“I could’ve been a judge, but I never ’ad the Latin. . . . And so I become a miner instead.” So starts the bitterly funny “Miner’s Sketch” from the 1960s revue Beyond the Fringe, which gave Americans a sense of the long, brutal class war in Britain between coal miners and the ruling class. Neither emerged intact.
That antagonism provides the backdrop for Catherine Bailey’s irresistible Black Diamonds, a dual history of the “torrid unraveling” of an aristocratic dynasty, the Earls Fitzwilliam, and the collapse of the Yorkshire coal mining community that provided the family’s wealth.
As she did in The Secret Rooms, her 2013 bestseller about the Dukes of Rutland, Bailey provides proof that a noble title doesn’t always signify noble behavior. In 1902, when Bailey opens her story, the Fitzwilliams were based at the 365-room Wentworth estate. Staggeringly rich from coal, they spent the subsequent decades mistreating their children, betraying their spouses, impregnating village girls and chorus dancers and suing each other. Today, they have lost both Wentworth and their noble title.
Ironically, the one thing the Fitzwilliams did not do was oppress their workers: They were among the best of the mine owners.
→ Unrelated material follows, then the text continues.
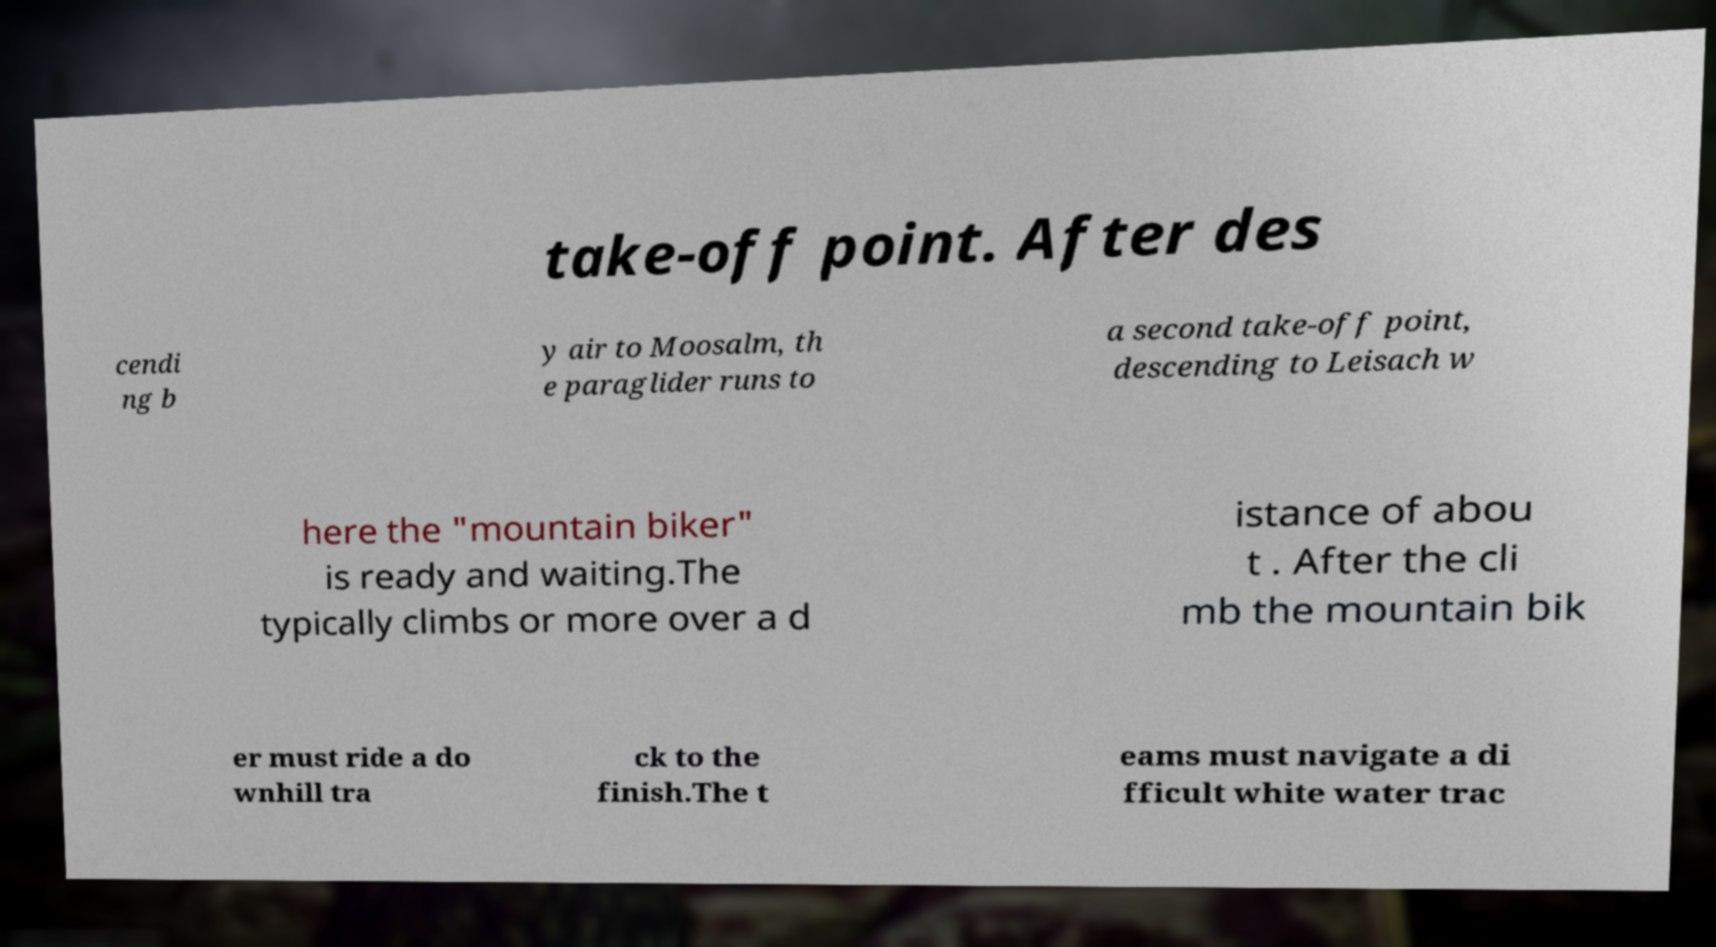Please identify and transcribe the text found in this image. take-off point. After des cendi ng b y air to Moosalm, th e paraglider runs to a second take-off point, descending to Leisach w here the "mountain biker" is ready and waiting.The typically climbs or more over a d istance of abou t . After the cli mb the mountain bik er must ride a do wnhill tra ck to the finish.The t eams must navigate a di fficult white water trac

But they could do nothing about the viciousness of their fellow owners. Bailey writes movingly of the fatal accidents, the miners’ ghastly living conditions and the community solidarity that alleviated the horrors.
Peter, the eighth Earl Fitzwilliam, was a war hero and compulsive adulterer. When he died in a plane crash in 1948 with his lover Kathleen “Kick” Kennedy, John F. Kennedy’s sister, the grieving families rushed into full cover-up mode. Bailey gives us the real deal, on that and everything else. Downton Abbey’s earl would be appalled, but the dowager countess would love it.